J’explore mon clavier : la touche croisillon que l’on prend pour un dièse

C’est bien connu : l’habit ne fait pas le moine et les signes sont parfois trompeurs. Voyez par exemple votre touche «3» qui porte aussi le signe des guillemets et celle dite du « dièse » que l’on obtient avec la touche AltGr (Alternate Graphic). S’agit-il vraiment d’un dièse ? Nenni ! Rajustez vos lorgnons et vous constaterez que le dièse est différent du signe de votre clavier. Jugez plutôt :

♯ : dièse

# : croisillon

Alors, vous la voyez maintenant la différence ? Répondez-nous en commentant cet article.

Le caractère qui figure vraiment sur la touche «3» porte donc le joli nom de croisillon.
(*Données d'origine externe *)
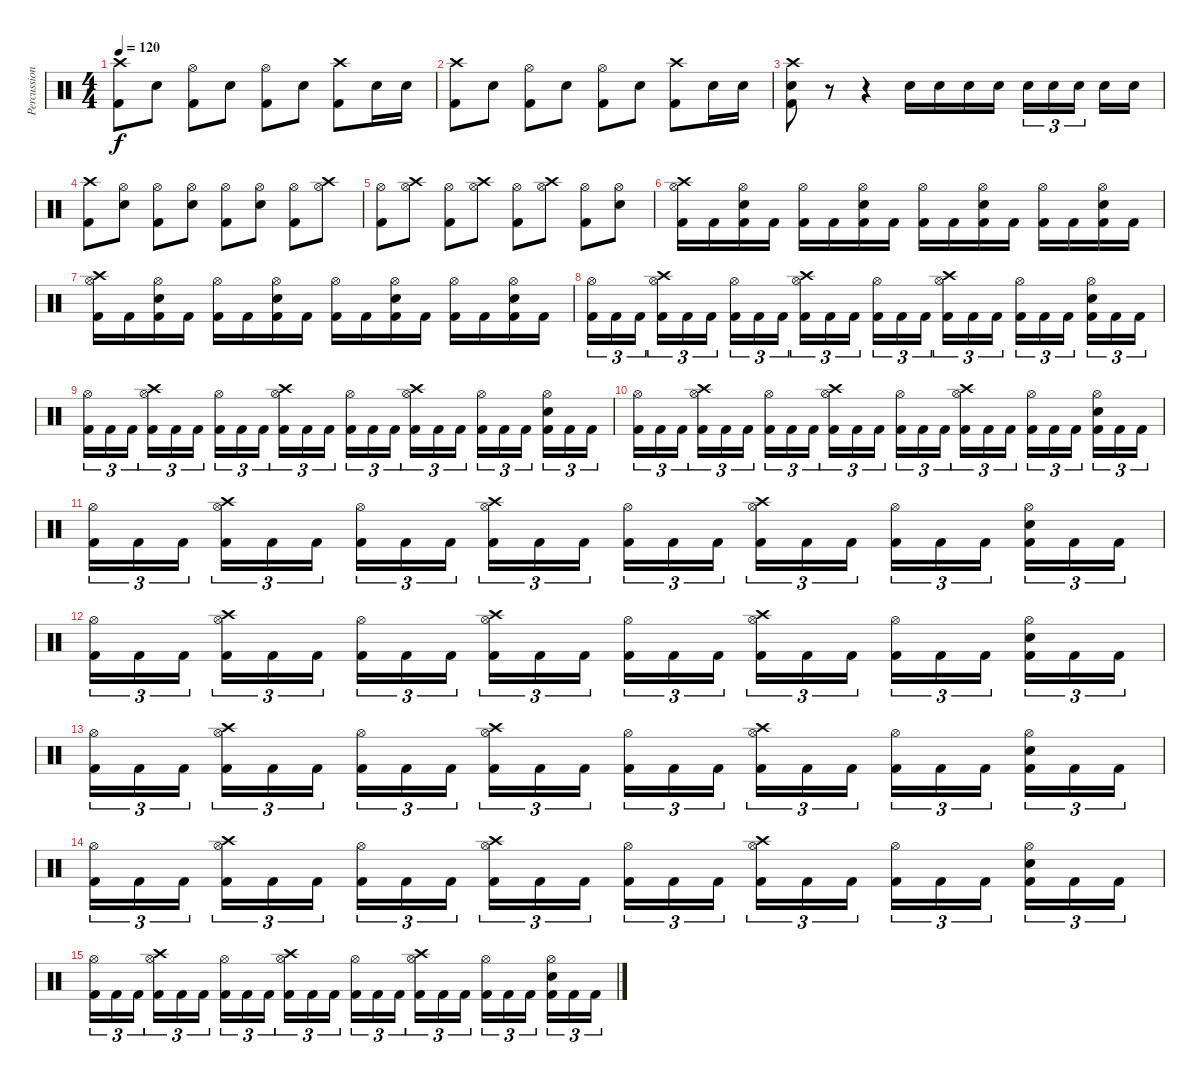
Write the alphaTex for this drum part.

\track ("Percussion" "Percussion") {instrument percussion}
\staff {score}
\articulation defaults
\ts (4 4)
\tempo 120
\clef neutral
\ks c
("Crash high (hit)" "Kick (hit) 2").8{dy f} "Electric Snare (hit)".8 ("Hi-Hat (open)" "Kick (hit) 2").8 "Electric Snare (hit)".8 ("Hi-Hat (open)" "Kick (hit) 2").8 "Electric Snare (hit)".8 ("Crash high (hit)" "Kick (hit) 2").8 "Electric Snare (hit)".16 "Electric Snare (hit)".16 |
("Crash high (hit)" "Kick (hit) 2").8 "Electric Snare (hit)".8 ("Hi-Hat (open)" "Kick (hit) 2").8 "Electric Snare (hit)".8 ("Hi-Hat (open)" "Kick (hit) 2").8 "Electric Snare (hit)".8 ("Crash high (hit)" "Kick (hit) 2").8 "Electric Snare (hit)".16 "Electric Snare (hit)".16 |
("Crash high (hit)" "Electric Snare (hit)" "Kick (hit) 2").8 r.8 r.4 "Electric Snare (hit)".16 "Electric Snare (hit)".16 "Electric Snare (hit)".16 "Electric Snare (hit)".16 "Electric Snare (hit)".16{tu (3 2)} "Electric Snare (hit)".16{tu (3 2)} "Electric Snare (hit)".16{tu (3 2)} "Electric Snare (hit)".16 "Electric Snare (hit)".16 |
("Kick (hit) 2" "Crash high (hit)").8 ("Electric Snare (hit)" "Hi-Hat (open)").8 ("Kick (hit) 2" "Hi-Hat (open)").8 ("Electric Snare (hit)" "Hi-Hat (open)").8 ("Kick (hit) 2" "Hi-Hat (open)").8 ("Electric Snare (hit)" "Hi-Hat (open)").8 ("Kick (hit) 2" "Hi-Hat (open)").8 ("Crash high (hit)" "Hi-Hat (open)").8 |
("Kick (hit) 2" "Hi-Hat (open)").8 ("Crash high (hit)" "Hi-Hat (open)").8 ("Kick (hit) 2" "Hi-Hat (open)").8 ("Crash high (hit)" "Hi-Hat (open)").8 ("Kick (hit) 2" "Hi-Hat (open)").8 ("Crash high (hit)" "Hi-Hat (open)").8 ("Kick (hit) 2" "Hi-Hat (open)").8 ("Electric Snare (hit)" "Hi-Hat (open)").8 |
("Crash high (hit)" "Kick (hit) 2" "Hi-Hat (open)").16 "Kick (hit) 2".16 ("Electric Snare (hit)" "Kick (hit) 2" "Hi-Hat (open)").16 "Kick (hit) 2".16 ("Kick (hit) 2" "Hi-Hat (open)").16 "Kick (hit) 2".16 ("Electric Snare (hit)" "Kick (hit) 2" "Hi-Hat (open)").16 "Kick (hit) 2".16 ("Kick (hit) 2" "Hi-Hat (open)").16 "Kick (hit) 2".16 ("Electric Snare (hit)" "Kick (hit) 2" "Hi-Hat (open)").16 "Kick (hit) 2".16 ("Kick (hit) 2" "Hi-Hat (open)").16 "Kick (hit) 2".16 ("Electric Snare (hit)" "Kick (hit) 2" "Hi-Hat (open)").16 "Kick (hit) 2".16 |
("Crash high (hit)" "Kick (hit) 2" "Hi-Hat (open)").16 "Kick (hit) 2".16 ("Electric Snare (hit)" "Kick (hit) 2" "Hi-Hat (open)").16 "Kick (hit) 2".16 ("Kick (hit) 2" "Hi-Hat (open)").16 "Kick (hit) 2".16 ("Electric Snare (hit)" "Kick (hit) 2" "Hi-Hat (open)").16 "Kick (hit) 2".16 ("Kick (hit) 2" "Hi-Hat (open)").16 "Kick (hit) 2".16 ("Electric Snare (hit)" "Kick (hit) 2" "Hi-Hat (open)").16 "Kick (hit) 2".16 ("Kick (hit) 2" "Hi-Hat (open)").16 "Kick (hit) 2".16 ("Electric Snare (hit)" "Kick (hit) 2" "Hi-Hat (open)").16 "Kick (hit) 2".16 |
("Kick (hit) 2" "Hi-Hat (open)").16{tu (3 2) volume 11} "Kick (hit) 2".16{tu (3 2)} "Kick (hit) 2".16{tu (3 2)} ("Crash high (hit)" "Kick (hit) 2" "Hi-Hat (open)").16{tu (3 2)} "Kick (hit) 2".16{tu (3 2)} "Kick (hit) 2".16{tu (3 2)} ("Kick (hit) 2" "Hi-Hat (open)").16{tu (3 2)} "Kick (hit) 2".16{tu (3 2)} "Kick (hit) 2".16{tu (3 2)} ("Crash high (hit)" "Kick (hit) 2" "Hi-Hat (open)").16{tu (3 2)} "Kick (hit) 2".16{tu (3 2)} "Kick (hit) 2".16{tu (3 2)} ("Kick (hit) 2" "Hi-Hat (open)").16{tu (3 2)} "Kick (hit) 2".16{tu (3 2)} "Kick (hit) 2".16{tu (3 2)} ("Crash high (hit)" "Kick (hit) 2" "Hi-Hat (open)").16{tu (3 2)} "Kick (hit) 2".16{tu (3 2)} "Kick (hit) 2".16{tu (3 2)} ("Kick (hit) 2" "Hi-Hat (open)").16{tu (3 2)} "Kick (hit) 2".16{tu (3 2)} "Kick (hit) 2".16{tu (3 2)} ("Electric Snare (hit)" "Kick (hit) 2" "Hi-Hat (open)").16{tu (3 2)} "Kick (hit) 2".16{tu (3 2)} "Kick (hit) 2".16{tu (3 2)} |
("Kick (hit) 2" "Hi-Hat (open)").16{tu (3 2) volume 13} "Kick (hit) 2".16{tu (3 2)} "Kick (hit) 2".16{tu (3 2)} ("Crash high (hit)" "Kick (hit) 2" "Hi-Hat (open)").16{tu (3 2)} "Kick (hit) 2".16{tu (3 2)} "Kick (hit) 2".16{tu (3 2)} ("Kick (hit) 2" "Hi-Hat (open)").16{tu (3 2)} "Kick (hit) 2".16{tu (3 2)} "Kick (hit) 2".16{tu (3 2)} ("Crash high (hit)" "Kick (hit) 2" "Hi-Hat (open)").16{tu (3 2)} "Kick (hit) 2".16{tu (3 2)} "Kick (hit) 2".16{tu (3 2)} ("Kick (hit) 2" "Hi-Hat (open)").16{tu (3 2)} "Kick (hit) 2".16{tu (3 2)} "Kick (hit) 2".16{tu (3 2)} ("Crash high (hit)" "Kick (hit) 2" "Hi-Hat (open)").16{tu (3 2)} "Kick (hit) 2".16{tu (3 2)} "Kick (hit) 2".16{tu (3 2)} ("Kick (hit) 2" "Hi-Hat (open)").16{tu (3 2)} "Kick (hit) 2".16{tu (3 2)} "Kick (hit) 2".16{tu (3 2)} ("Electric Snare (hit)" "Kick (hit) 2" "Hi-Hat (open)").16{tu (3 2)} "Kick (hit) 2".16{tu (3 2)} "Kick (hit) 2".16{tu (3 2)} |
("Kick (hit) 2" "Hi-Hat (open)").16{tu (3 2) volume 10} "Kick (hit) 2".16{tu (3 2)} "Kick (hit) 2".16{tu (3 2)} ("Crash high (hit)" "Kick (hit) 2" "Hi-Hat (open)").16{tu (3 2)} "Kick (hit) 2".16{tu (3 2)} "Kick (hit) 2".16{tu (3 2)} ("Kick (hit) 2" "Hi-Hat (open)").16{tu (3 2)} "Kick (hit) 2".16{tu (3 2)} "Kick (hit) 2".16{tu (3 2)} ("Crash high (hit)" "Kick (hit) 2" "Hi-Hat (open)").16{tu (3 2)} "Kick (hit) 2".16{tu (3 2)} "Kick (hit) 2".16{tu (3 2)} ("Kick (hit) 2" "Hi-Hat (open)").16{tu (3 2)} "Kick (hit) 2".16{tu (3 2)} "Kick (hit) 2".16{tu (3 2)} ("Crash high (hit)" "Kick (hit) 2" "Hi-Hat (open)").16{tu (3 2)} "Kick (hit) 2".16{tu (3 2)} "Kick (hit) 2".16{tu (3 2)} ("Kick (hit) 2" "Hi-Hat (open)").16{tu (3 2)} "Kick (hit) 2".16{tu (3 2)} "Kick (hit) 2".16{tu (3 2)} ("Electric Snare (hit)" "Kick (hit) 2" "Hi-Hat (open)").16{tu (3 2)} "Kick (hit) 2".16{tu (3 2)} "Kick (hit) 2".16{tu (3 2)} |
("Kick (hit) 2" "Hi-Hat (open)").16{tu (3 2) volume 8} "Kick (hit) 2".16{tu (3 2)} "Kick (hit) 2".16{tu (3 2)} ("Crash high (hit)" "Kick (hit) 2" "Hi-Hat (open)").16{tu (3 2)} "Kick (hit) 2".16{tu (3 2)} "Kick (hit) 2".16{tu (3 2)} ("Kick (hit) 2" "Hi-Hat (open)").16{tu (3 2)} "Kick (hit) 2".16{tu (3 2)} "Kick (hit) 2".16{tu (3 2)} ("Crash high (hit)" "Kick (hit) 2" "Hi-Hat (open)").16{tu (3 2)} "Kick (hit) 2".16{tu (3 2)} "Kick (hit) 2".16{tu (3 2)} ("Kick (hit) 2" "Hi-Hat (open)").16{tu (3 2)} "Kick (hit) 2".16{tu (3 2)} "Kick (hit) 2".16{tu (3 2)} ("Crash high (hit)" "Kick (hit) 2" "Hi-Hat (open)").16{tu (3 2)} "Kick (hit) 2".16{tu (3 2)} "Kick (hit) 2".16{tu (3 2)} ("Kick (hit) 2" "Hi-Hat (open)").16{tu (3 2)} "Kick (hit) 2".16{tu (3 2)} "Kick (hit) 2".16{tu (3 2)} ("Electric Snare (hit)" "Kick (hit) 2" "Hi-Hat (open)").16{tu (3 2)} "Kick (hit) 2".16{tu (3 2)} "Kick (hit) 2".16{tu (3 2)} |
("Kick (hit) 2" "Hi-Hat (open)").16{tu (3 2) volume 6} "Kick (hit) 2".16{tu (3 2)} "Kick (hit) 2".16{tu (3 2)} ("Crash high (hit)" "Kick (hit) 2" "Hi-Hat (open)").16{tu (3 2)} "Kick (hit) 2".16{tu (3 2)} "Kick (hit) 2".16{tu (3 2)} ("Kick (hit) 2" "Hi-Hat (open)").16{tu (3 2)} "Kick (hit) 2".16{tu (3 2)} "Kick (hit) 2".16{tu (3 2)} ("Crash high (hit)" "Kick (hit) 2" "Hi-Hat (open)").16{tu (3 2)} "Kick (hit) 2".16{tu (3 2)} "Kick (hit) 2".16{tu (3 2)} ("Kick (hit) 2" "Hi-Hat (open)").16{tu (3 2)} "Kick (hit) 2".16{tu (3 2)} "Kick (hit) 2".16{tu (3 2)} ("Crash high (hit)" "Kick (hit) 2" "Hi-Hat (open)").16{tu (3 2)} "Kick (hit) 2".16{tu (3 2)} "Kick (hit) 2".16{tu (3 2)} ("Kick (hit) 2" "Hi-Hat (open)").16{tu (3 2)} "Kick (hit) 2".16{tu (3 2)} "Kick (hit) 2".16{tu (3 2)} ("Electric Snare (hit)" "Kick (hit) 2" "Hi-Hat (open)").16{tu (3 2)} "Kick (hit) 2".16{tu (3 2)} "Kick (hit) 2".16{tu (3 2)} |
("Kick (hit) 2" "Hi-Hat (open)").16{tu (3 2) volume 4} "Kick (hit) 2".16{tu (3 2)} "Kick (hit) 2".16{tu (3 2)} ("Crash high (hit)" "Kick (hit) 2" "Hi-Hat (open)").16{tu (3 2)} "Kick (hit) 2".16{tu (3 2)} "Kick (hit) 2".16{tu (3 2)} ("Kick (hit) 2" "Hi-Hat (open)").16{tu (3 2)} "Kick (hit) 2".16{tu (3 2)} "Kick (hit) 2".16{tu (3 2)} ("Crash high (hit)" "Kick (hit) 2" "Hi-Hat (open)").16{tu (3 2)} "Kick (hit) 2".16{tu (3 2)} "Kick (hit) 2".16{tu (3 2)} ("Kick (hit) 2" "Hi-Hat (open)").16{tu (3 2)} "Kick (hit) 2".16{tu (3 2)} "Kick (hit) 2".16{tu (3 2)} ("Crash high (hit)" "Kick (hit) 2" "Hi-Hat (open)").16{tu (3 2)} "Kick (hit) 2".16{tu (3 2)} "Kick (hit) 2".16{tu (3 2)} ("Kick (hit) 2" "Hi-Hat (open)").16{tu (3 2)} "Kick (hit) 2".16{tu (3 2)} "Kick (hit) 2".16{tu (3 2)} ("Electric Snare (hit)" "Kick (hit) 2" "Hi-Hat (open)").16{tu (3 2)} "Kick (hit) 2".16{tu (3 2)} "Kick (hit) 2".16{tu (3 2)} |
("Kick (hit) 2" "Hi-Hat (open)").16{tu (3 2) volume 2} "Kick (hit) 2".16{tu (3 2)} "Kick (hit) 2".16{tu (3 2)} ("Crash high (hit)" "Kick (hit) 2" "Hi-Hat (open)").16{tu (3 2)} "Kick (hit) 2".16{tu (3 2)} "Kick (hit) 2".16{tu (3 2)} ("Kick (hit) 2" "Hi-Hat (open)").16{tu (3 2)} "Kick (hit) 2".16{tu (3 2)} "Kick (hit) 2".16{tu (3 2)} ("Crash high (hit)" "Kick (hit) 2" "Hi-Hat (open)").16{tu (3 2)} "Kick (hit) 2".16{tu (3 2)} "Kick (hit) 2".16{tu (3 2)} ("Kick (hit) 2" "Hi-Hat (open)").16{tu (3 2)} "Kick (hit) 2".16{tu (3 2)} "Kick (hit) 2".16{tu (3 2)} ("Crash high (hit)" "Kick (hit) 2" "Hi-Hat (open)").16{tu (3 2)} "Kick (hit) 2".16{tu (3 2)} "Kick (hit) 2".16{tu (3 2)} ("Kick (hit) 2" "Hi-Hat (open)").16{tu (3 2)} "Kick (hit) 2".16{tu (3 2)} "Kick (hit) 2".16{tu (3 2)} ("Electric Snare (hit)" "Kick (hit) 2" "Hi-Hat (open)").16{tu (3 2)} "Kick (hit) 2".16{tu (3 2)} "Kick (hit) 2".16{tu (3 2)} |
("Kick (hit) 2" "Hi-Hat (open)").16{tu (3 2) volume 0} "Kick (hit) 2".16{tu (3 2)} "Kick (hit) 2".16{tu (3 2)} ("Crash high (hit)" "Kick (hit) 2" "Hi-Hat (open)").16{tu (3 2)} "Kick (hit) 2".16{tu (3 2)} "Kick (hit) 2".16{tu (3 2)} ("Kick (hit) 2" "Hi-Hat (open)").16{tu (3 2)} "Kick (hit) 2".16{tu (3 2)} "Kick (hit) 2".16{tu (3 2)} ("Crash high (hit)" "Kick (hit) 2" "Hi-Hat (open)").16{tu (3 2)} "Kick (hit) 2".16{tu (3 2)} "Kick (hit) 2".16{tu (3 2)} ("Kick (hit) 2" "Hi-Hat (open)").16{tu (3 2)} "Kick (hit) 2".16{tu (3 2)} "Kick (hit) 2".16{tu (3 2)} ("Crash high (hit)" "Kick (hit) 2" "Hi-Hat (open)").16{tu (3 2)} "Kick (hit) 2".16{tu (3 2)} "Kick (hit) 2".16{tu (3 2)} ("Kick (hit) 2" "Hi-Hat (open)").16{tu (3 2)} "Kick (hit) 2".16{tu (3 2)} "Kick (hit) 2".16{tu (3 2)} ("Electric Snare (hit)" "Kick (hit) 2" "Hi-Hat (open)").16{tu (3 2)} "Kick (hit) 2".16{tu (3 2)} "Kick (hit) 2".16{tu (3 2)}
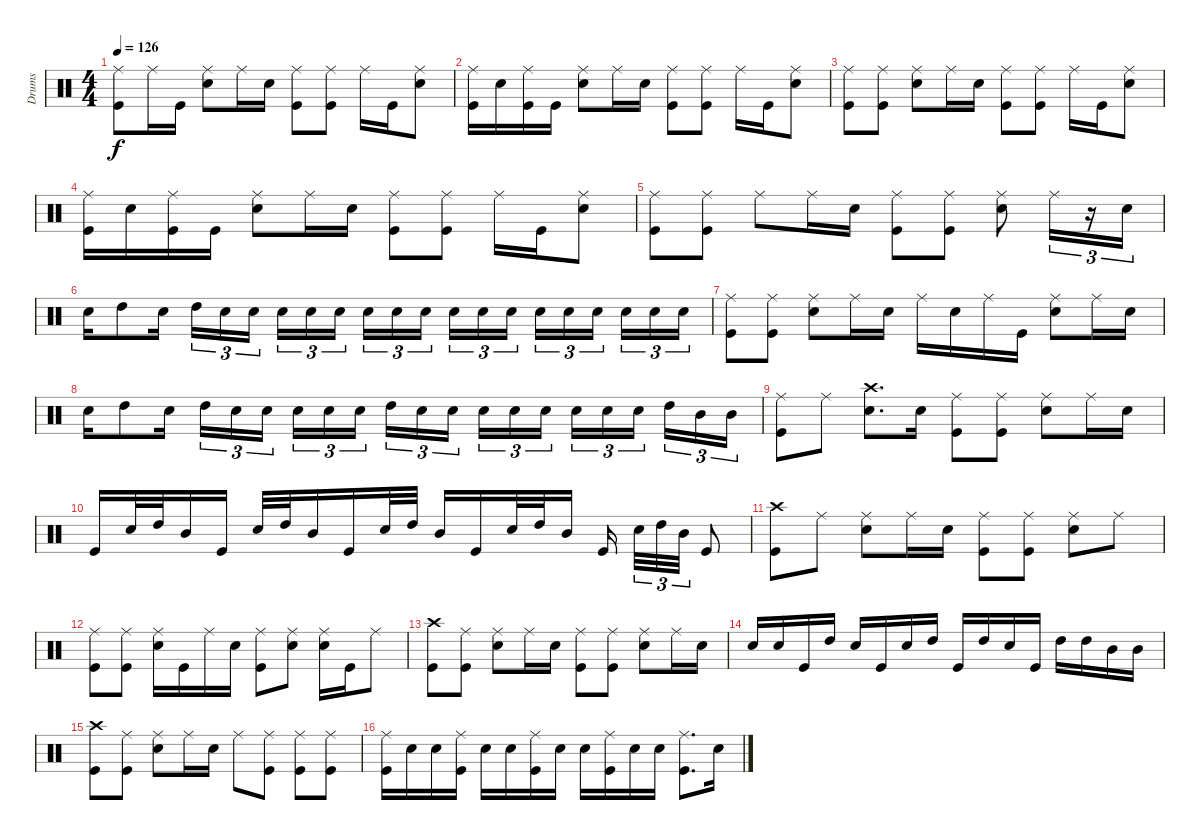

On le nomme ainsi car il représente deux croix obtenues par l’intersection de deux lignes horizontales et de deux lignes obliques. Dans un registre plus coquin, ce signe nous rappelle un peu ceux des corsets à lacets de nos tri-aïeules ou, plus loin encore, de la Goulue !

Origine et utilisation du croisillon

Hash pour les Anglais et pound pour les Américains

Les noms attribués au croisillon sont nombreux dans les pays anglo-saxons qui ont probablement été les premiers à utiliser massivement ce caractère. Les appellations les plus répandues sont : hash (GB), pound sign, number sign plus une foultitude d’autres noms parfois très singuliers comme par exemple octothorpe et sa variante octothorn.
Aux Etats-Unis, le croisillon désigne le terme number (nombre) ou représente le symbole de l’unité de poids pound qu’on exprime soit avec l’abréviation lb soit avec le caractère du croisillon #. Il faut comprendre que le terme pound est une adaptation germanique du latin libra pondo. Libra désigne à la fois la livre romaine (l’unité de mesure qu’on utilise encore en France comme équivalent de 500 grammes) et la balance romaine que l’on trouve encore sur certains marchés à travers le monde.
Pour ne pas confondre l’unité de poids avec la monnaie anglaise (symbole £) – qui portent toutes deux le nom de pound –, il a été adopté l’abréviation de libra (notée lb ou #). Au pluriel lb devient lbs.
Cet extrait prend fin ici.